Auto-transfer memory from CPU when needed

Hi guys.

I have application that uses a lot of textures here (lets say, way more even Quadro k6000 can handle).

Right now I am doing the following - I transfer texture tiles (as much as I can), I run the app, mark the ones that a missing, transfer some results from the GPU to the CPU, load manually the tiles I need, and bring them back to the GPU (don’t worry about the performance, it is fine). Of course, I am having tons of issues with that.

Is there a way, I can force CUDA to do that for me ? I can use plain arrays too (not necessary textures).

Ideally, I would like to do the following :

  1. Give the CUDA API a massive amount of memory.
  2. Use this memory on the GPU. When CUDA driver see memory that is not present, block everything, remove some of the already transferred and continue.

I haven’t found such stuff. If there is any, please share a link with a documentation.


What do You mean by “memory […] is not present”?

I want to ask if this is possible :

  1. On the CPU, I want to tell CUDA : Load “lazy” these 10 gigs of mem. Transfer as much of it as you want to the GPU.

  2. On the GPU : I am randomly accessing memory on the GPU. If it is not transferred yet (aka not present), block everything, remove some of the already transferred and instead of it, get the one I requested.

I hope this makes it more clear.

As far as I know the only way to do something such as that is to do it yourself. Zero-Copy which is the closest thing I can think of that CUDA provides requires page-locked memory of which trying to allocate 10 gigs could be dangerous, and depending on what you are doing with it could have huge performance implications (it is comparatively glacial compared to on-board memory).

One of my bits of software has a similar problem. X number of images of a fixed size but only Y fit on the GPU, so I have to do some manual paging. It is not a difficult task if your problem is iterative in nature.

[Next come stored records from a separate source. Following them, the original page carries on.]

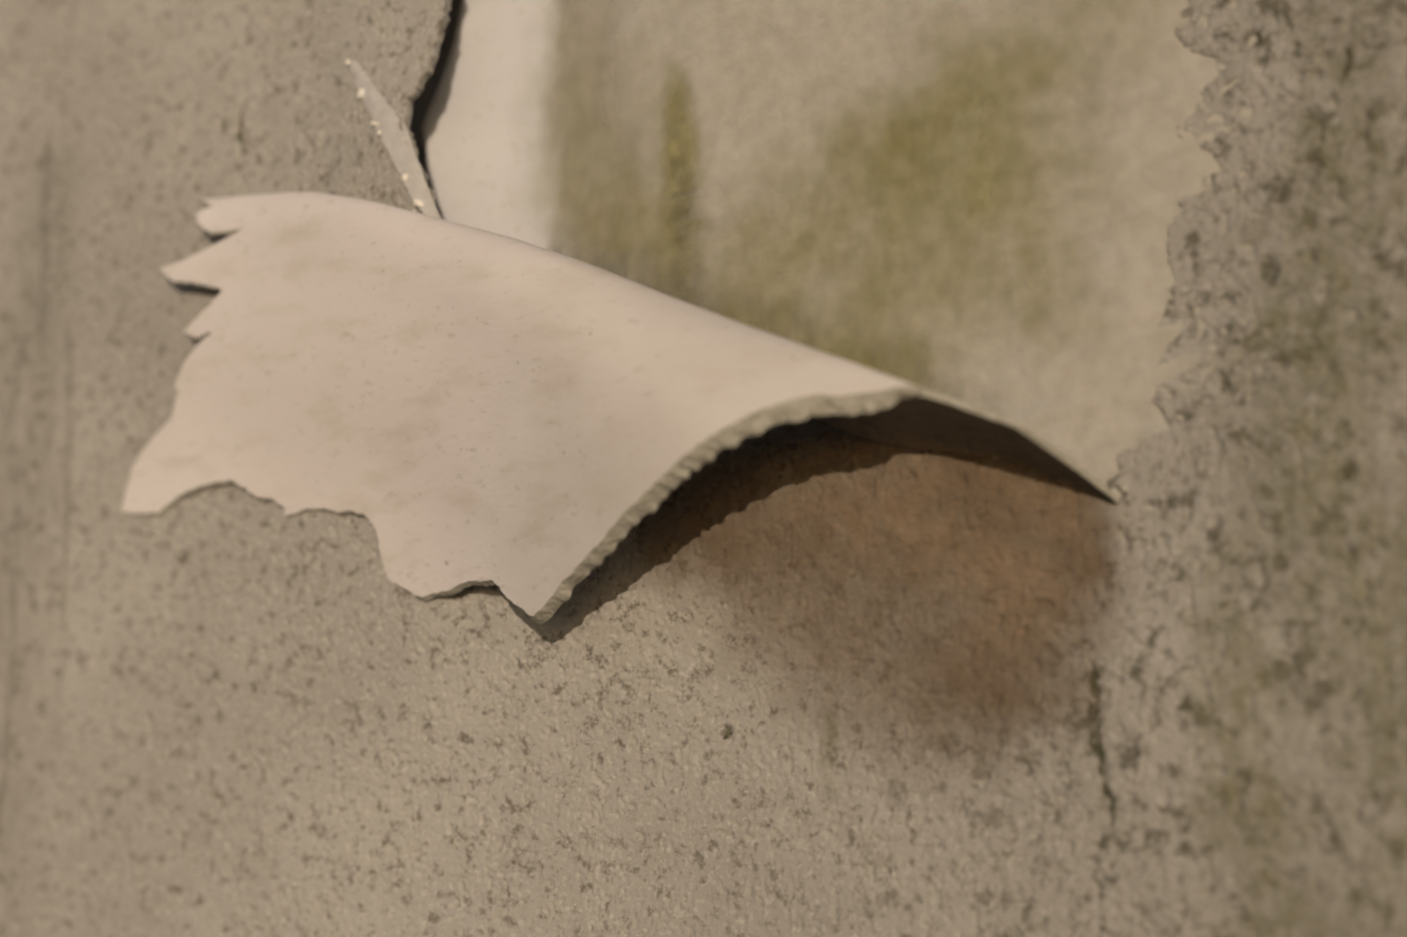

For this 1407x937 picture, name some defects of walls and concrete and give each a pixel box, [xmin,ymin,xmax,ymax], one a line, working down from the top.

flaking render [121,0,1130,624]
damp [559,0,1253,704]
crack [1076,664,1116,936]
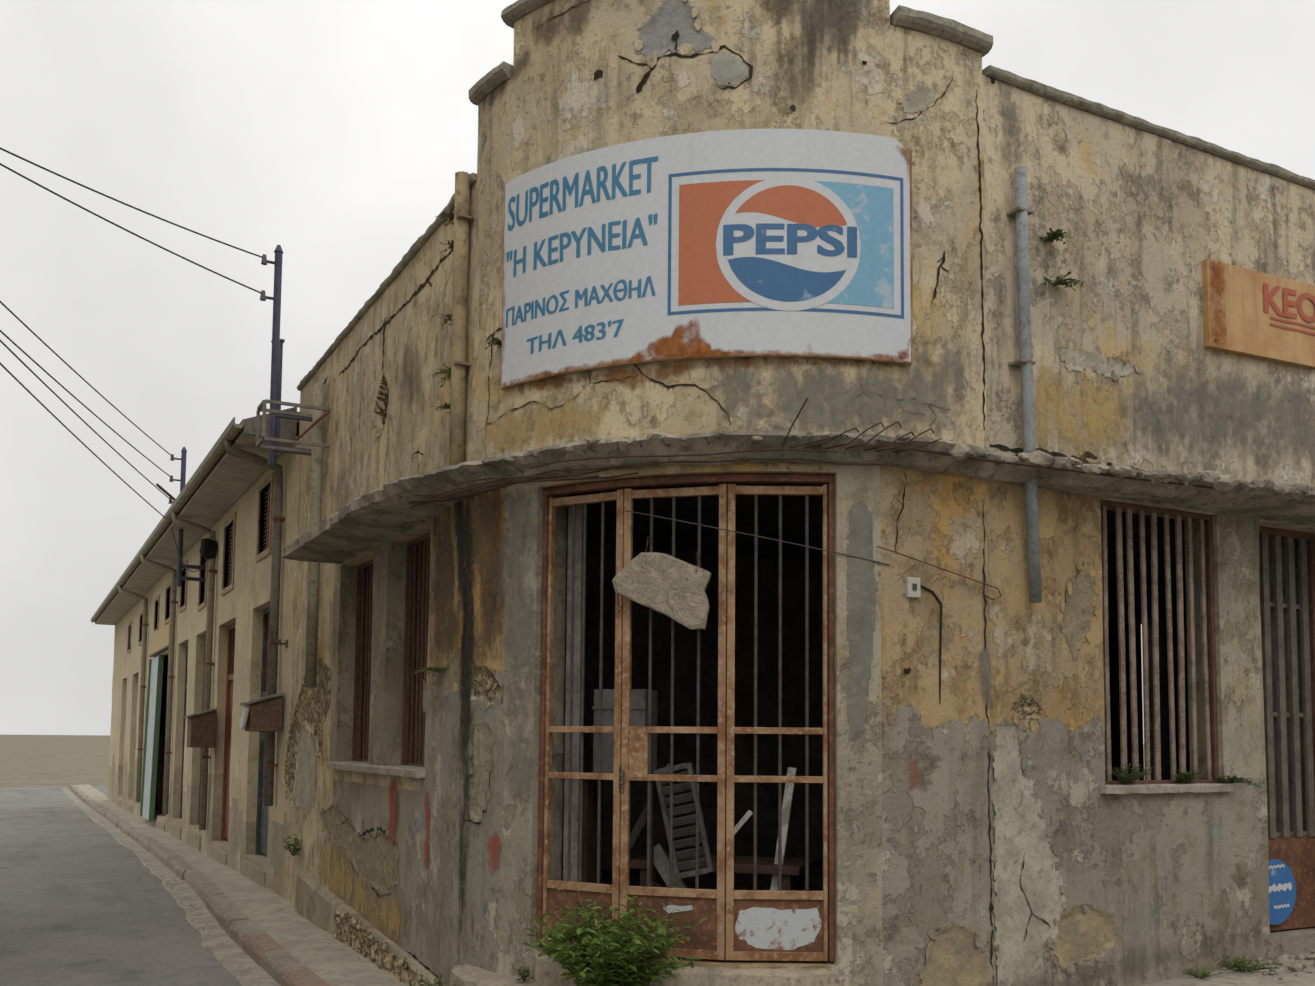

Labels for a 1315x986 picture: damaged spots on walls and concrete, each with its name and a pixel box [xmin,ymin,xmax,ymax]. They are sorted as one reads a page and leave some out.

peeling [633,0,720,68]
crack [618,39,753,93]
leakage [767,0,869,95]
leakage [999,81,1020,162]
crack [323,251,451,384]
spalling [373,370,389,439]
crack [485,327,731,438]
leakage [1035,365,1315,466]
spalling [284,645,331,804]
spalling [427,645,503,823]
leakage [430,490,536,931]
peeling [920,698,1122,986]
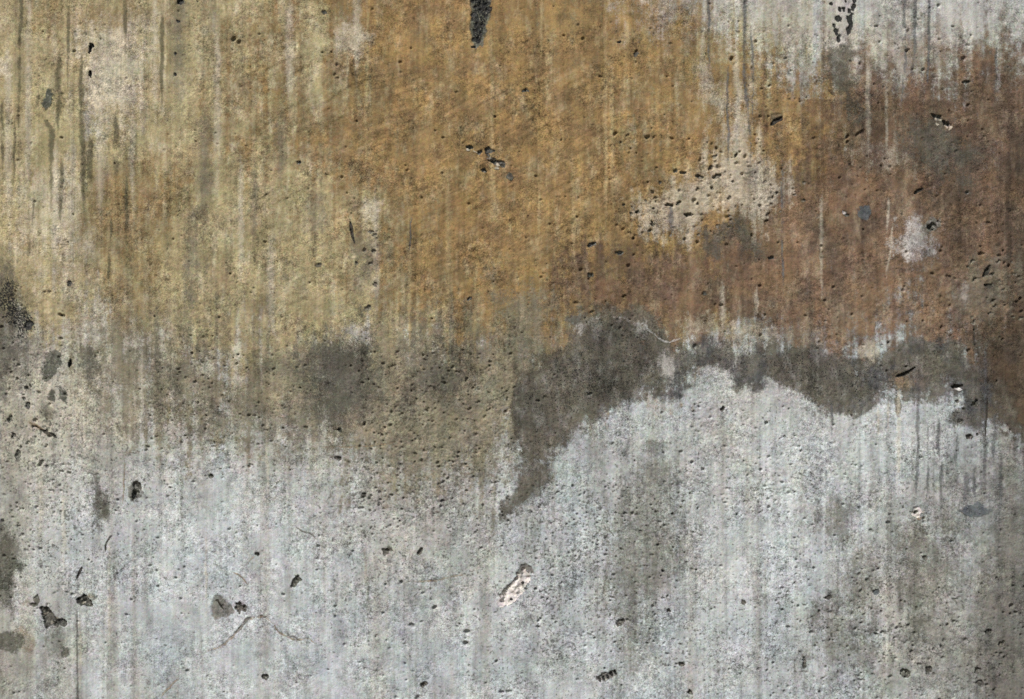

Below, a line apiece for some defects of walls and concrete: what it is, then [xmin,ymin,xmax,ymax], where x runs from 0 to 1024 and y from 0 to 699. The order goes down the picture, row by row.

leakage [0,0,1024,534]
corrosion [199,0,867,364]
spalling [496,563,534,608]
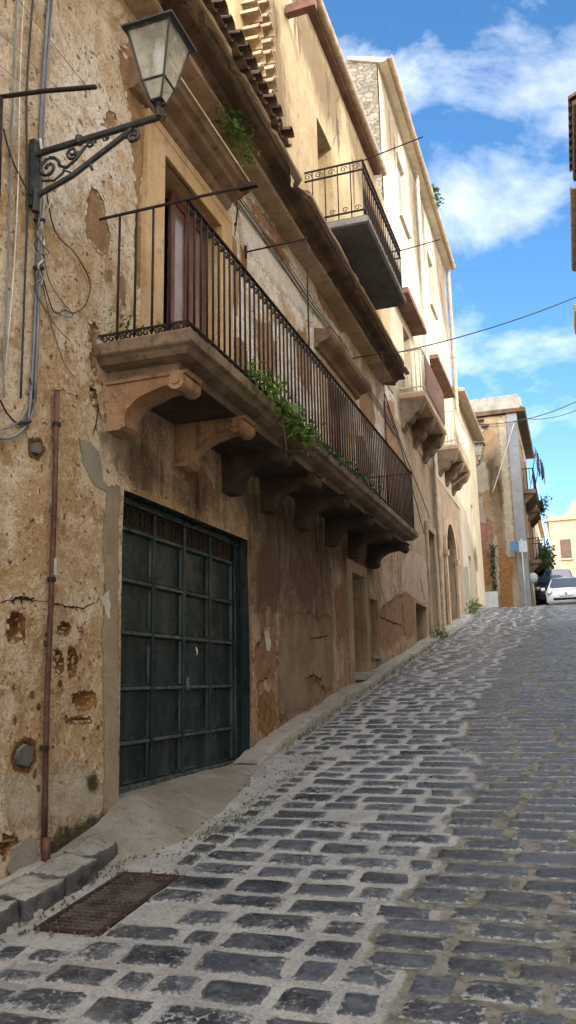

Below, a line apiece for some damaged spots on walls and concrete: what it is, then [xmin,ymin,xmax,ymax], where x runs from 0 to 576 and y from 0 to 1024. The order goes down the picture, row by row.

peeling [84,36,145,306]
spalling [7,610,27,644]
crack [0,593,100,615]
spalling [43,620,100,741]
peeling [252,626,288,738]
flaking render [377,592,416,656]
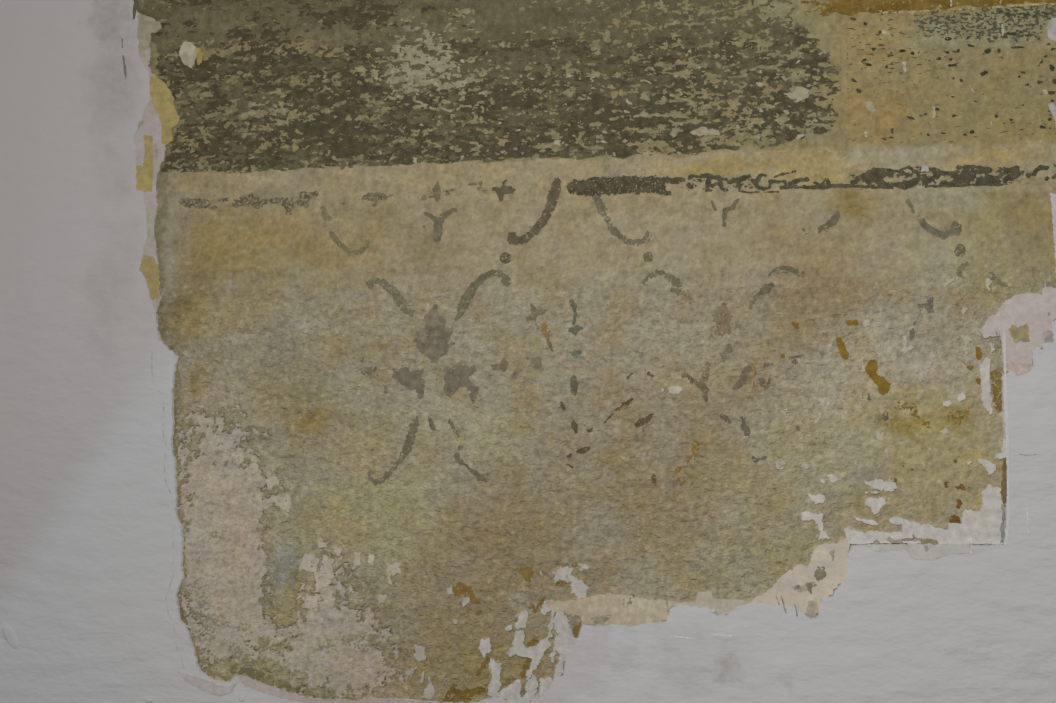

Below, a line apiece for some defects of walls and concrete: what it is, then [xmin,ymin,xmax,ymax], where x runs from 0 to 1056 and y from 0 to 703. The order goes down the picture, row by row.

peeling [478,193,1056,703]
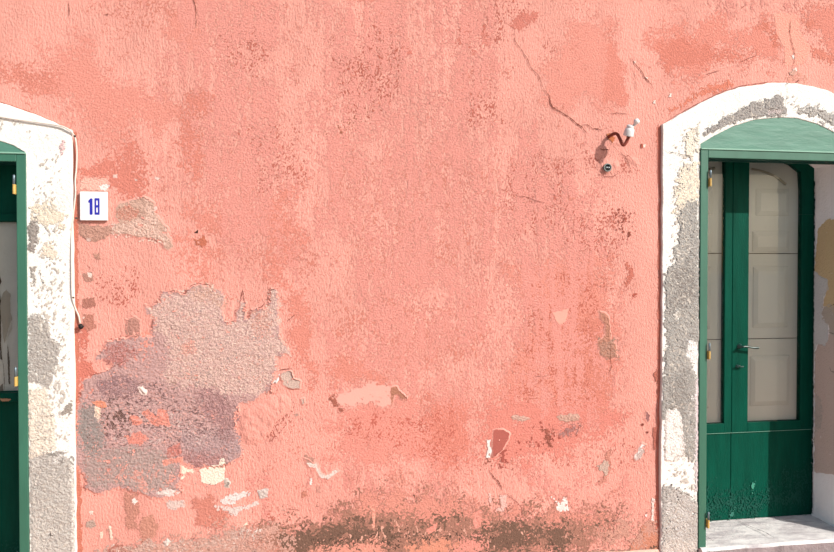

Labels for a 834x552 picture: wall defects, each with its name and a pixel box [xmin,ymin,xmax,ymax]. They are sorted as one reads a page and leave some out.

crack [514,31,632,177]
spalling [703,94,788,136]
spalling [798,103,834,126]
peeling [27,0,658,552]
spalling [653,199,700,463]
peeling [814,219,834,475]
peeling [645,483,698,552]
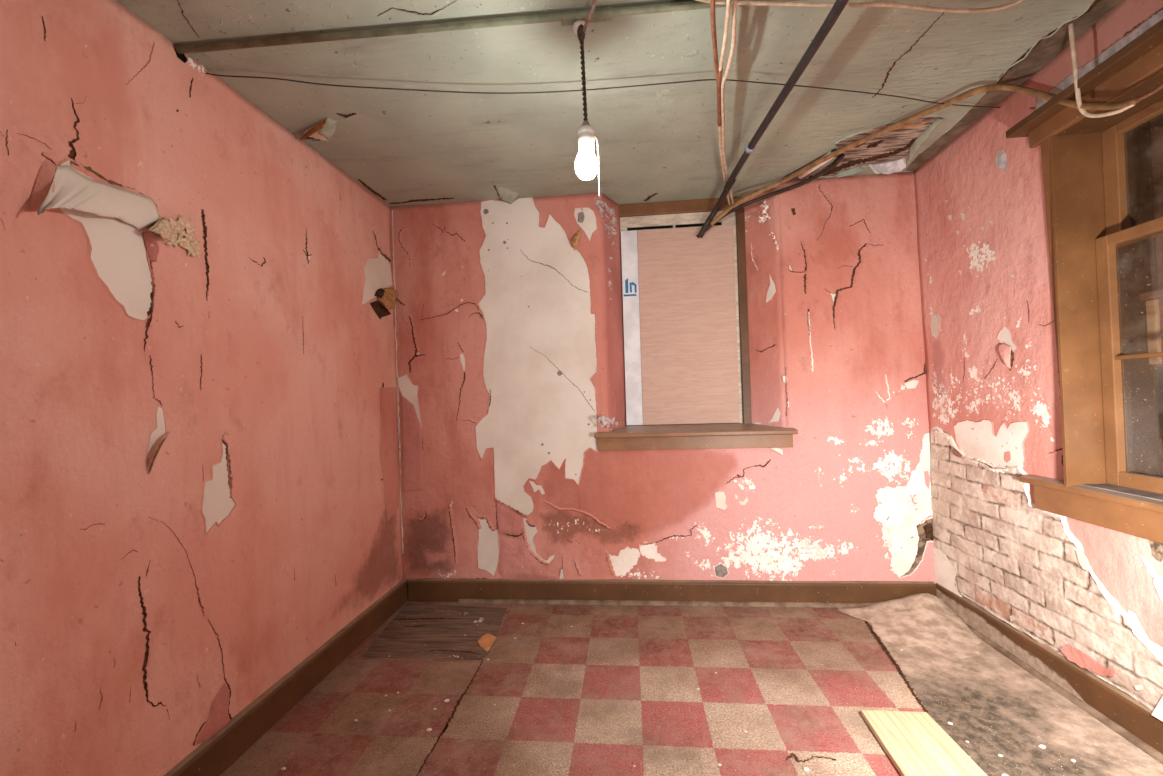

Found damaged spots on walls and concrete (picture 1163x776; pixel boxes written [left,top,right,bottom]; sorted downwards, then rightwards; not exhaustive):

crack [6,96,87,166]
crack [378,0,457,18]
crack [872,12,944,98]
peeling [28,157,200,352]
crack [751,184,882,416]
peeling [448,185,621,579]
peeling [200,432,236,535]
peeling [685,477,858,581]
flaking render [815,318,1163,711]
crack [138,562,170,720]
crack [149,517,232,720]
peeling [864,620,1163,776]
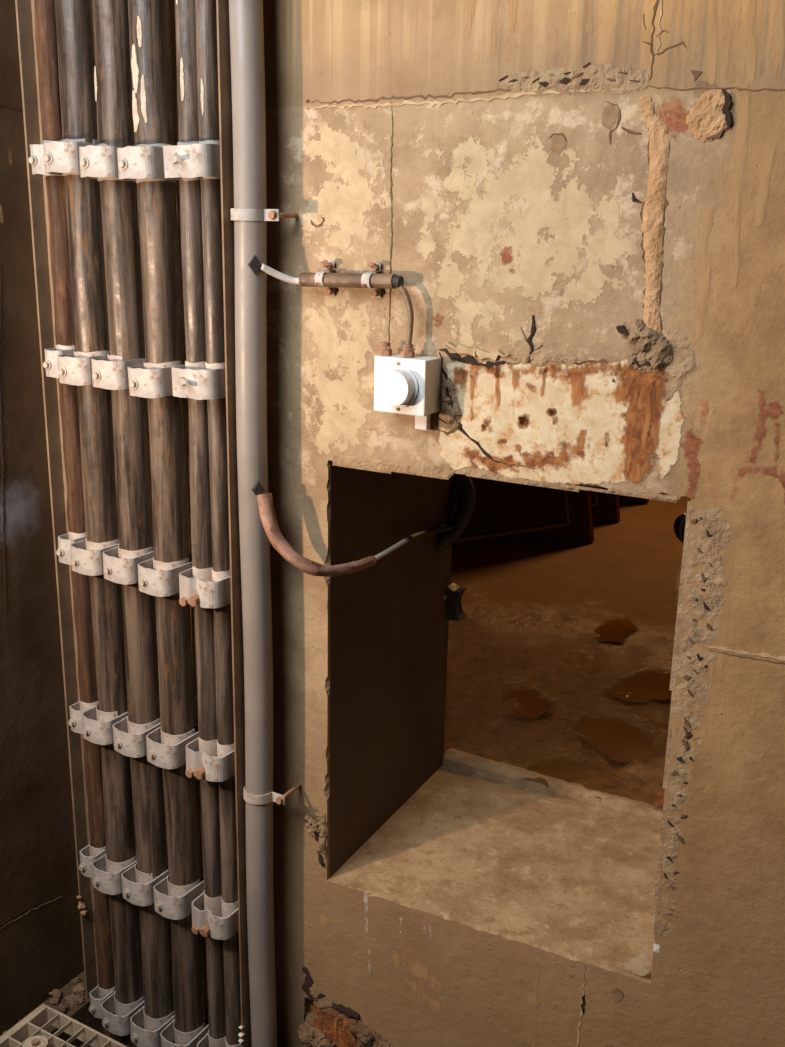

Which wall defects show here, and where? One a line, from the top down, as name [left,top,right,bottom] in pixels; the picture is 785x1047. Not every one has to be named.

crack [642,0,785,91]
crack [305,88,618,342]
rust [453,362,668,482]
peeling [301,62,734,953]
rust [311,1006,355,1047]
spalling [313,998,392,1047]
crack [577,971,586,1047]
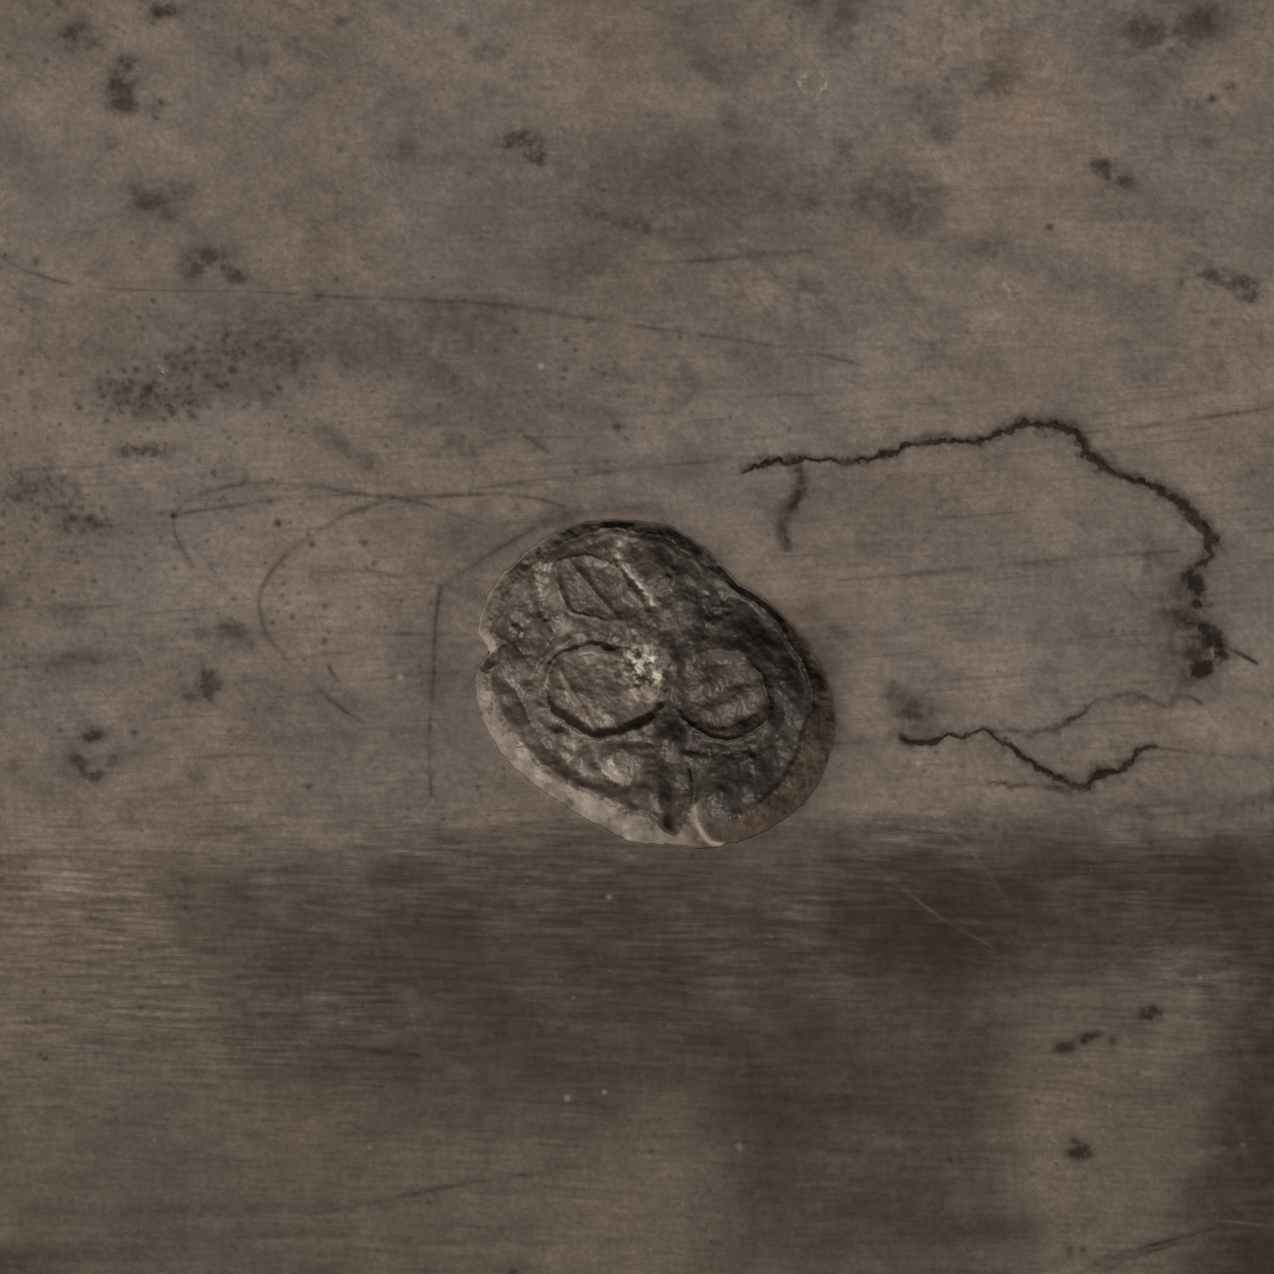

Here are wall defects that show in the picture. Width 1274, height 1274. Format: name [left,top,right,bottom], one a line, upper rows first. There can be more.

Check whether next image is on GPU (device pointer being NULL in my case).
If it is, continue, else clear an existing one from the pool at random (or FIFO queue or whatever other method). This is simply setting the pointer on the old image to NULL, but keeping the memory allocated.
cudaMemcpy the next image into the newly available slot.
Do iteration.

In some cases you can even hide the copying across of data by exploiting concurrent kernel execution and copy.


Hi Tiomat,
Thanks for the answer.

I am already doing the manual paging and so on and am using the page-locked memory for some stuffs, I just thought there could be something else that I am missing, since it sounds like a common feature to have (and thus I am spending hours of implementing already implemented stuff).